▸ YOUR ASSIGNMENT:
Reproduce the entries in full, with no changes.

Data items

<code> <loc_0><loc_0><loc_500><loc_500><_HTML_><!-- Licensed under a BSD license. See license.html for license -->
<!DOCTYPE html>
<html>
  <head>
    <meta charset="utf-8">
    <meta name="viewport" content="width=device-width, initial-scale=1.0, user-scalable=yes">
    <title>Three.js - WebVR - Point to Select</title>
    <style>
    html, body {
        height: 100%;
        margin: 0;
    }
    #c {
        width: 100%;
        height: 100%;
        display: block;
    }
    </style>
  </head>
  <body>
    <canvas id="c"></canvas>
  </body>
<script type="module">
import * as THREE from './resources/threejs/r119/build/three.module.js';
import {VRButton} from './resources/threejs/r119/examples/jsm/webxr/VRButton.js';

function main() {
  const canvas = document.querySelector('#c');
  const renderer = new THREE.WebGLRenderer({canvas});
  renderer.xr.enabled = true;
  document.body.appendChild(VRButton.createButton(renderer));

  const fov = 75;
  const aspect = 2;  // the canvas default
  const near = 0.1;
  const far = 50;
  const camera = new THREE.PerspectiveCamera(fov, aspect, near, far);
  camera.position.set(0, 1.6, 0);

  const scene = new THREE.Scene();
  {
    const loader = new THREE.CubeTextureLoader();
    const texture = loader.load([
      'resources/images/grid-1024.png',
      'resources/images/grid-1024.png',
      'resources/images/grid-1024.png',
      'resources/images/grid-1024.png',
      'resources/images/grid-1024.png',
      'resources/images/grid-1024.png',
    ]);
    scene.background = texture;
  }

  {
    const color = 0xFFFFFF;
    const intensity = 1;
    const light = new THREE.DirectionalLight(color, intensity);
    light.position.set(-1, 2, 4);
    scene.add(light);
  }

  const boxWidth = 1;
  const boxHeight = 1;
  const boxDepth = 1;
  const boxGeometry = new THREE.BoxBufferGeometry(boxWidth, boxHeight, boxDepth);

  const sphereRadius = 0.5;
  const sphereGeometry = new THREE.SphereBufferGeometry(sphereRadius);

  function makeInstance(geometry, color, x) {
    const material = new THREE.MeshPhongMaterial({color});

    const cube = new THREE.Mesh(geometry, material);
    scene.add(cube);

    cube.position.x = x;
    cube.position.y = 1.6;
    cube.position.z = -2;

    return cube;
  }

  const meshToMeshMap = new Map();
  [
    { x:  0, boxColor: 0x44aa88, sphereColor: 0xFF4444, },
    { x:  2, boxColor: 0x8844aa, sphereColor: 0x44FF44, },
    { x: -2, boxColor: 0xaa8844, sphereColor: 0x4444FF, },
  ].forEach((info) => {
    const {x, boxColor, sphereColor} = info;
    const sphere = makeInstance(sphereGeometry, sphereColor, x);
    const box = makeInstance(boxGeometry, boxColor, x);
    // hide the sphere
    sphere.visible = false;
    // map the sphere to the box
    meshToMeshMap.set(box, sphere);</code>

▸ TASK RESPONSE:
<code> <loc_0><loc_0><loc_500><loc_500><_HTML_><!-- Licensed under a BSD license. See license.html for license -->
<!DOCTYPE html>
<html>
  <head>
    <meta charset="utf-8">
    <meta name="viewport" content="width=device-width, initial-scale=1.0, user-scalable=yes">
    <title>Three.js - WebVR - Point to Select</title>
    <style>
    html, body {
        height: 100%;
        margin: 0;
    }
    #c {
        width: 100%;
        height: 100%;
        display: block;
    }
    </style>
  </head>
  <body>
    <canvas id="c"></canvas>
  </body>
<script type="module">
import * as THREE from './resources/threejs/r119/build/three.module.js';
import {VRButton} from './resources/threejs/r119/examples/jsm/webxr/VRButton.js';

function main() {
  const canvas = document.querySelector('#c');
  const renderer = new THREE.WebGLRenderer({canvas});
  renderer.xr.enabled = true;
  document.body.appendChild(VRButton.createButton(renderer));

  const fov = 75;
  const aspect = 2;  // the canvas default
  const near = 0.1;
  const far = 50;
  const camera = new THREE.PerspectiveCamera(fov, aspect, near, far);
  camera.position.set(0, 1.6, 0);

  const scene = new THREE.Scene();
  {
    const loader = new THREE.CubeTextureLoader();
    const texture = loader.load([
      'resources/images/grid-1024.png',
      'resources/images/grid-1024.png',
      'resources/images/grid-1024.png',
      'resources/images/grid-1024.png',
      'resources/images/grid-1024.png',
      'resources/images/grid-1024.png',
    ]);
    scene.background = texture;
  }

  {
    const color = 0xFFFFFF;
    const intensity = 1;
    const light = new THREE.DirectionalLight(color, intensity);
    light.position.set(-1, 2, 4);
    scene.add(light);
  }

  const boxWidth = 1;
  const boxHeight = 1;
  const boxDepth = 1;
  const boxGeometry = new THREE.BoxBufferGeometry(boxWidth, boxHeight, boxDepth);

  const sphereRadius = 0.5;
  const sphereGeometry = new THREE.SphereBufferGeometry(sphereRadius);

  function makeInstance(geometry, color, x) {
    const material = new THREE.MeshPhongMaterial({color});

    const cube = new THREE.Mesh(geometry, material);
    scene.add(cube);

    cube.position.x = x;
    cube.position.y = 1.6;
    cube.position.z = -2;

    return cube;
  }

  const meshToMeshMap = new Map();
  [
    { x:  0, boxColor: 0x44aa88, sphereColor: 0xFF4444, },
    { x:  2, boxColor: 0x8844aa, sphereColor: 0x44FF44, },
    { x: -2, boxColor: 0xaa8844, sphereColor: 0x4444FF, },
  ].forEach((info) => {
    const {x, boxColor, sphereColor} = info;
    const sphere = makeInstance(sphereGeometry, sphereColor, x);
    const box = makeInstance(boxGeometry, boxColor, x);
    // hide the sphere
    sphere.visible = false;
    // map the sphere to the box
    meshToMeshMap.set(box, sphere);</code>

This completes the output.